METHODS:BACKGROUND:Spontaneous bacterial peritonitis (SBP) is a serious complication in patients with liver cirrhosis. In recent years, it has been postulated that the rate of multidrug-resistant organisms (MDROs) is increasing, especially in nosocomial SBP patients. Aim of the present work was to investigate this hypothesis and its possible clinical consequences. MATERIALS AND METHODS:One hundred and three culture-positive patients between 2007 and 2014 were compared with 81 patients between 2015 and 2017, to study the change of microbiological profiles and their clinical consequences. The cirrhosis patients with bacterascites requiring treatment were included as well. RESULTS:The most prevalent Gram-negative bacteria isolated from ascites were Enterobacterales (31.6%) and in Gram-positive pathogens Staphylococci (22.8%). There was a significant increase in MDROs (22.3% ICU 40.7%, P = .048), accompanied by an increased incidence of sepsis (from 21.4% to 37.0%, P = .021), hepatorenal syndrome (from 40.8% to 58.0%, P = .007) and the need of catecholamine therapy (from 21.4% to 38.8%, P = .036). Nosocomial origin correlated with higher MDRO proportion, more complications and lower antimicrobial susceptibility rates in 12 commonly used antibiotics. MDROs were confirmed as an isolated predictor for inpatient mortality and complications in multivariable logistic regression.
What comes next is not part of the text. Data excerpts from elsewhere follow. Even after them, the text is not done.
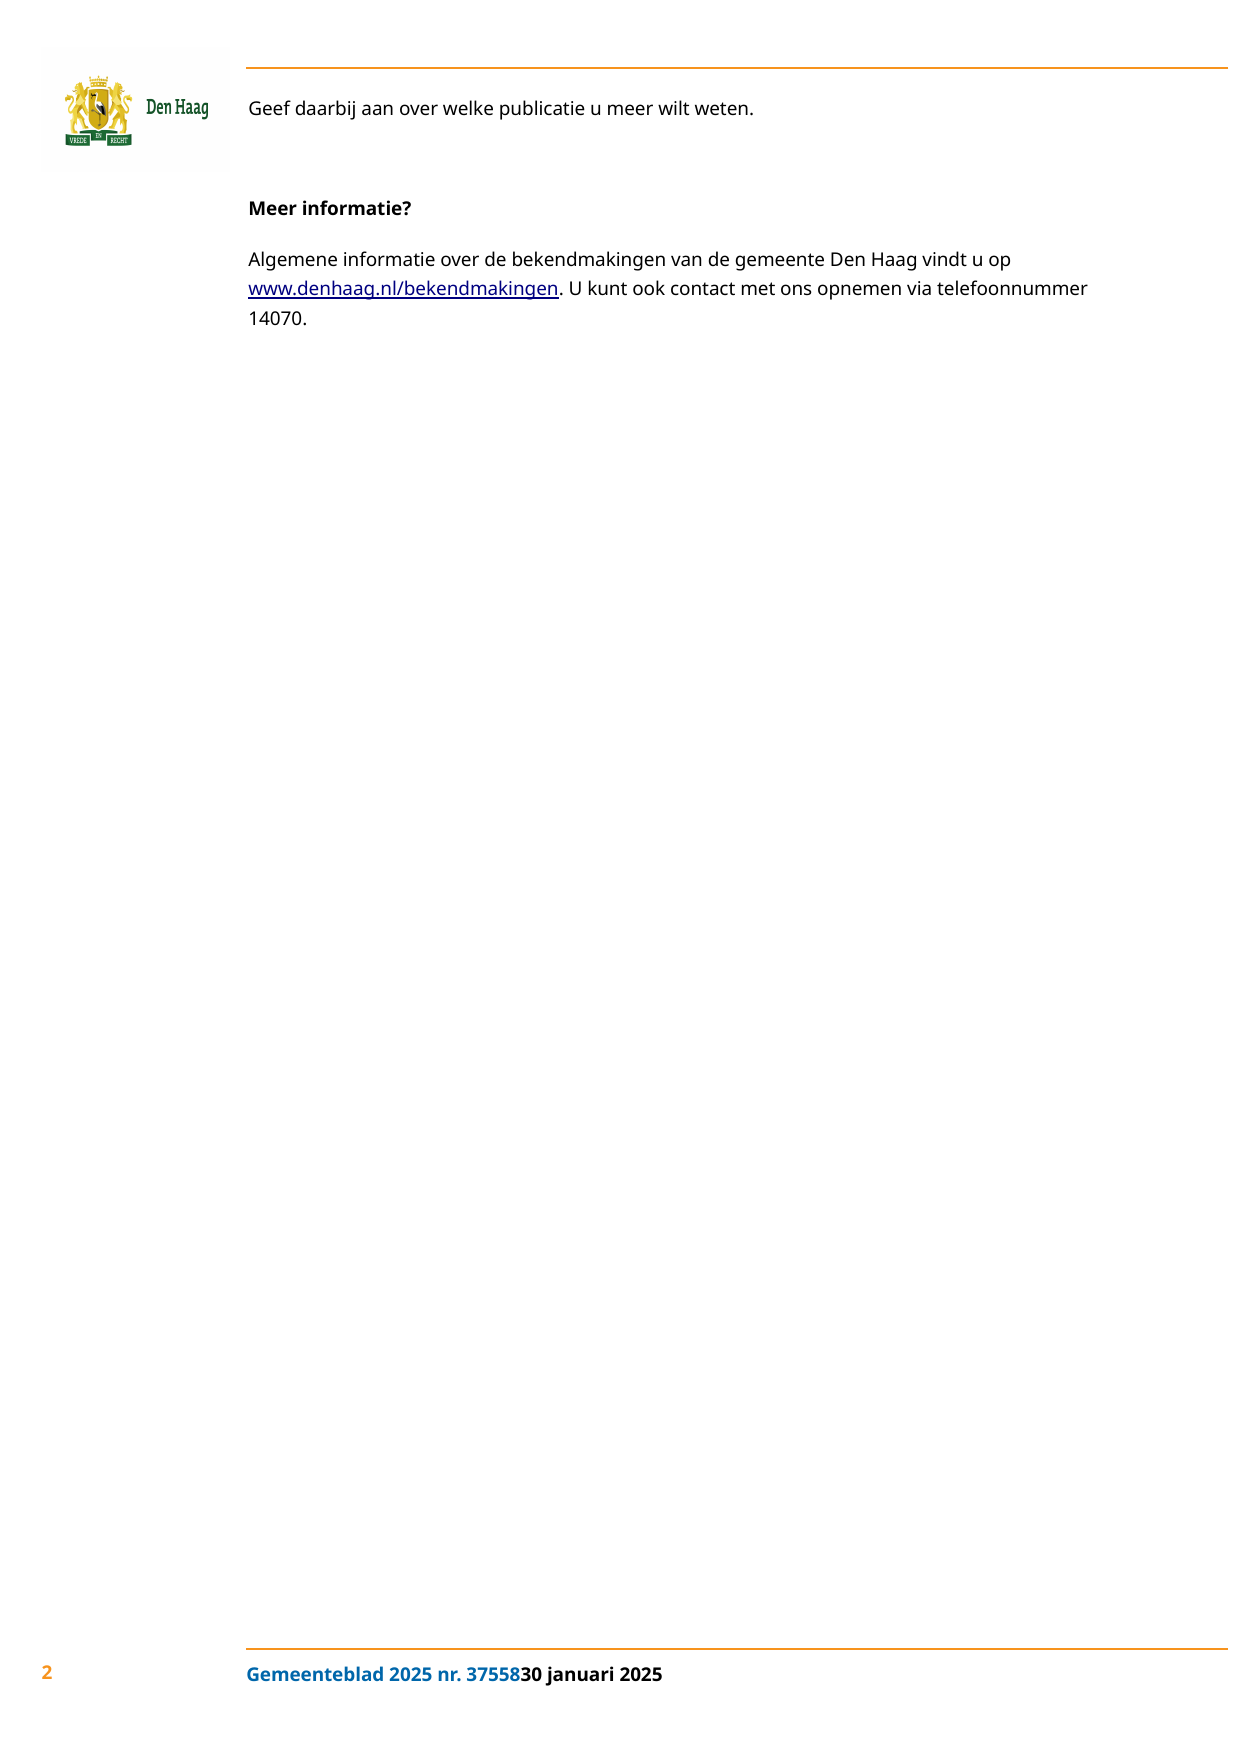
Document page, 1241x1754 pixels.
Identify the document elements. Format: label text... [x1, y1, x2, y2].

text Meer informatie? [248, 196, 1152, 221]
picture [41, 47, 231, 172]
text Geef daarbij aan over welke publicatie u meer wilt weten. [248, 95, 1152, 121]
text Algemene informatie over de bekendmakingen van de gemeente Den Haag vindt u op www.denhaag.nl/bekendmakingen. U kunt ook contact met ons opnemen via telefoonnummer 14070. [248, 246, 1152, 331]
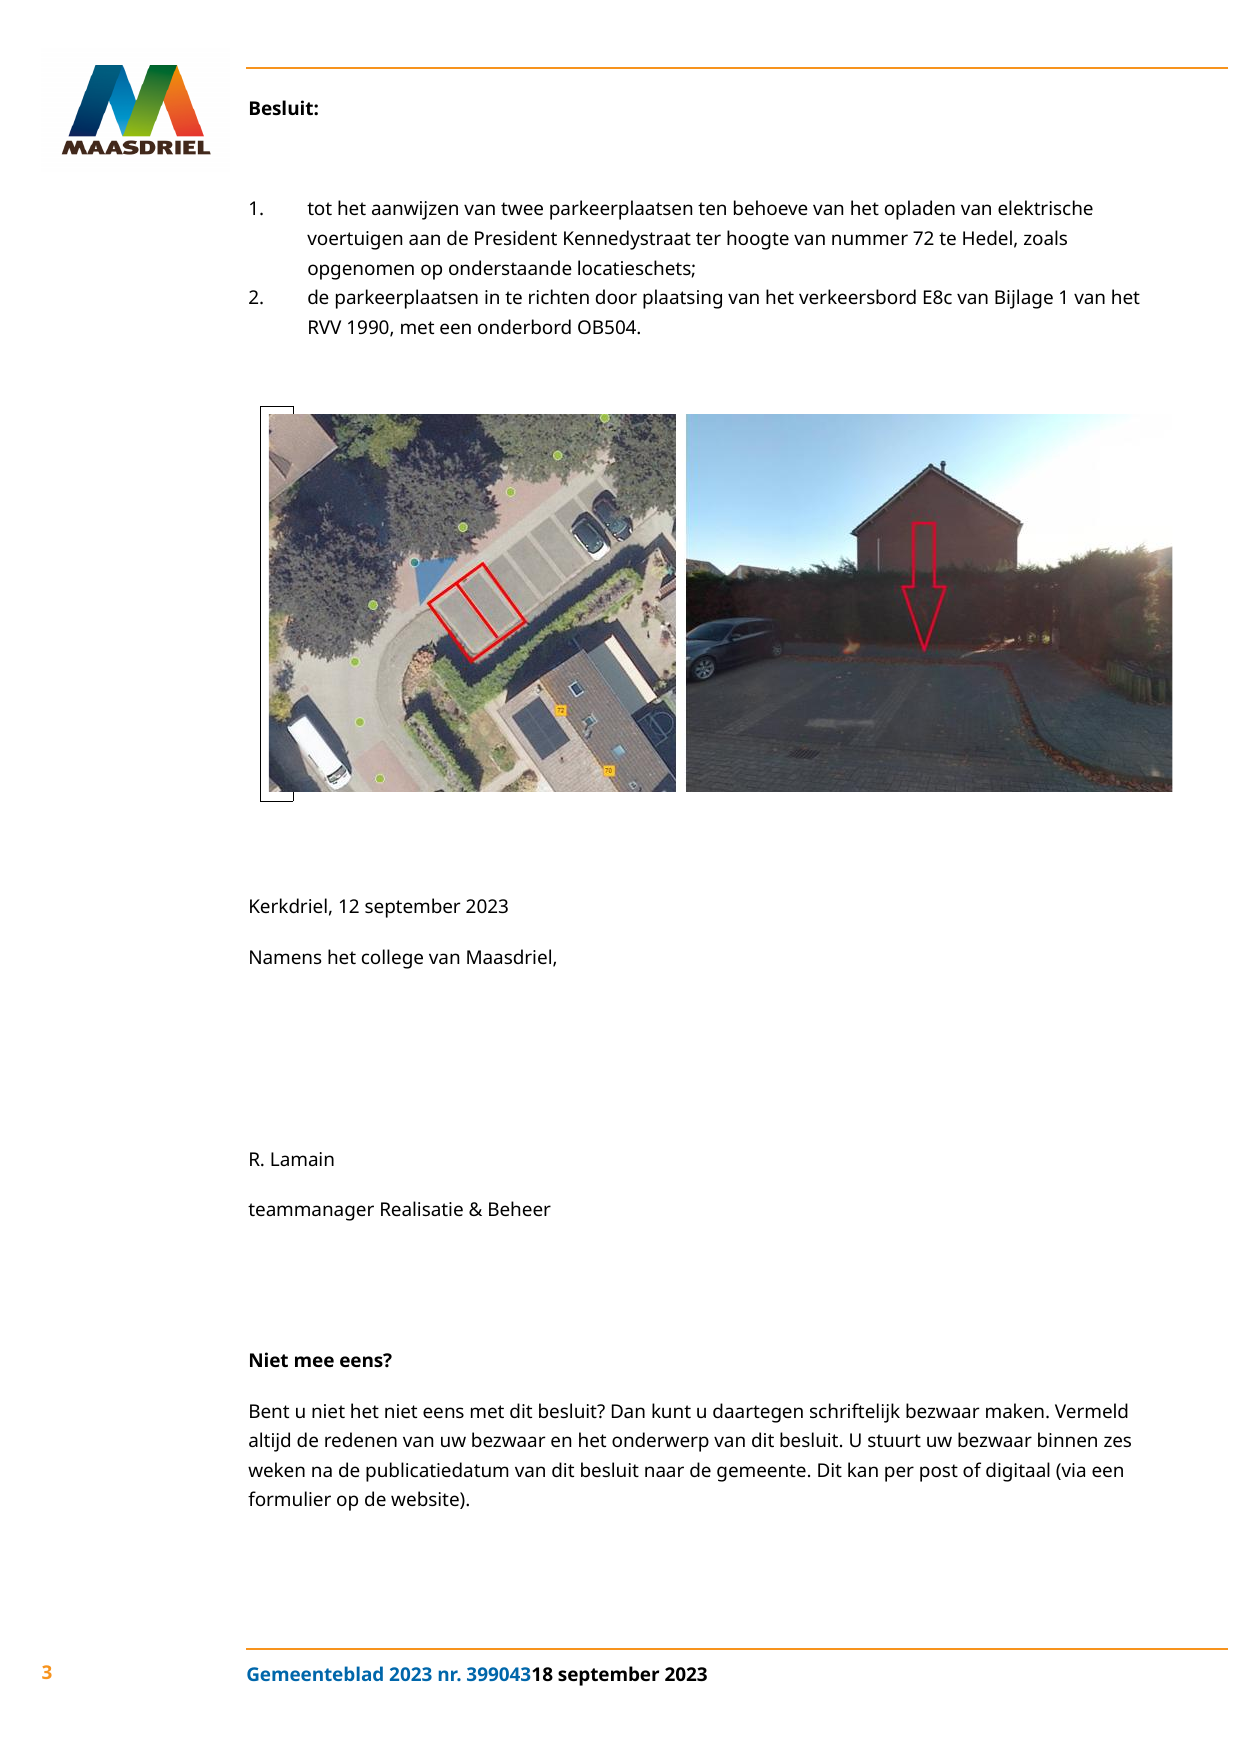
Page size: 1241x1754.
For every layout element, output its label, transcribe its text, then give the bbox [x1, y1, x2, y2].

text Namens het college van Maasdriel, [248, 944, 1152, 970]
text Bent u niet het niet eens met dit besluit? Dan kunt u daartegen schriftelijk bezwaar maken. Vermeld altijd de redenen van uw bezwaar en het onderwerp van dit besluit. U stuurt uw bezwaar binnen zes weken na de publicatiedatum van dit besluit naar de gemeente. Dit kan per post of digitaal (via een formulier op de website). [248, 1398, 1152, 1512]
text Besluit: [248, 95, 1152, 121]
picture [268, 414, 1173, 792]
text Niet mee eens? [248, 1347, 1152, 1373]
text teammanager Realisatie & Beheer [248, 1196, 1152, 1222]
text Kerkdriel, 12 september 2023 [248, 894, 1152, 919]
text R. Lamain [248, 1146, 1152, 1171]
list tot het aanwijzen van twee parkeerplaatsen ten behoeve van het opladen van elektrische voertuigen aan de President Kennedystraat ter hoogte van nummer 72 te Hedel, zoals opgenomen op onderstaande locatieschets; [248, 196, 1152, 281]
picture [41, 47, 231, 172]
list de parkeerplaatsen in te richten door plaatsing van het verkeersbord E8c van Bijlage 1 van het RVV 1990, met een onderbord OB504. [248, 284, 1152, 340]
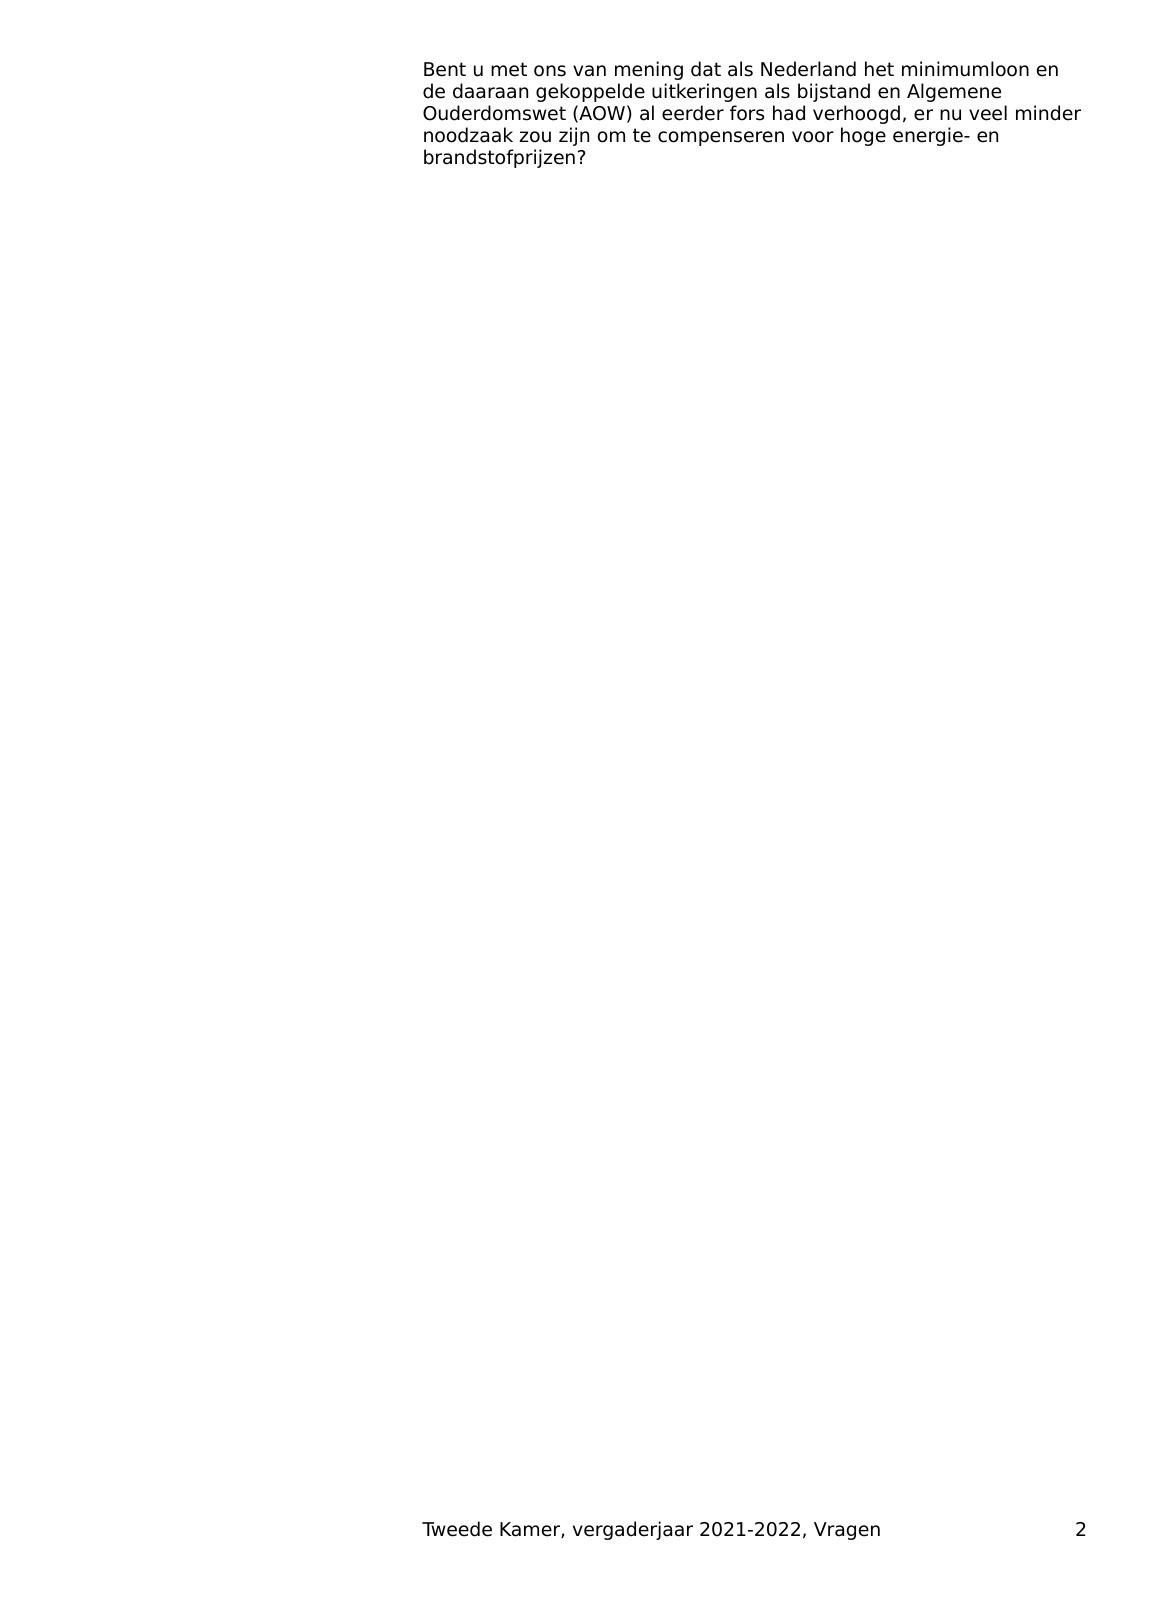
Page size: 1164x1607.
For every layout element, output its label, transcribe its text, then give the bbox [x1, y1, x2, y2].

text Bent u met ons van mening dat als Nederland het minimumloon en de daaraan gekoppelde uitkeringen als bijstand en Algemene Ouderdomswet (AOW) al eerder fors had verhoogd, er nu veel minder noodzaak zou zijn om te compenseren voor hoge energie- en brandstofprijzen? [422, 59, 1087, 169]

CONCLUSIONS:The feeling in clinical practice that MDROs have increased in the last 11 years could be confirmed in our study in Munich, Germany. Nosocomial SBP correlated with significantly higher MDRO rates (nearly 50%) and complication rates. In our opinion, an antibiotic combination with comprehensive effect should be taken into account in nosocomial SBP patients in this region.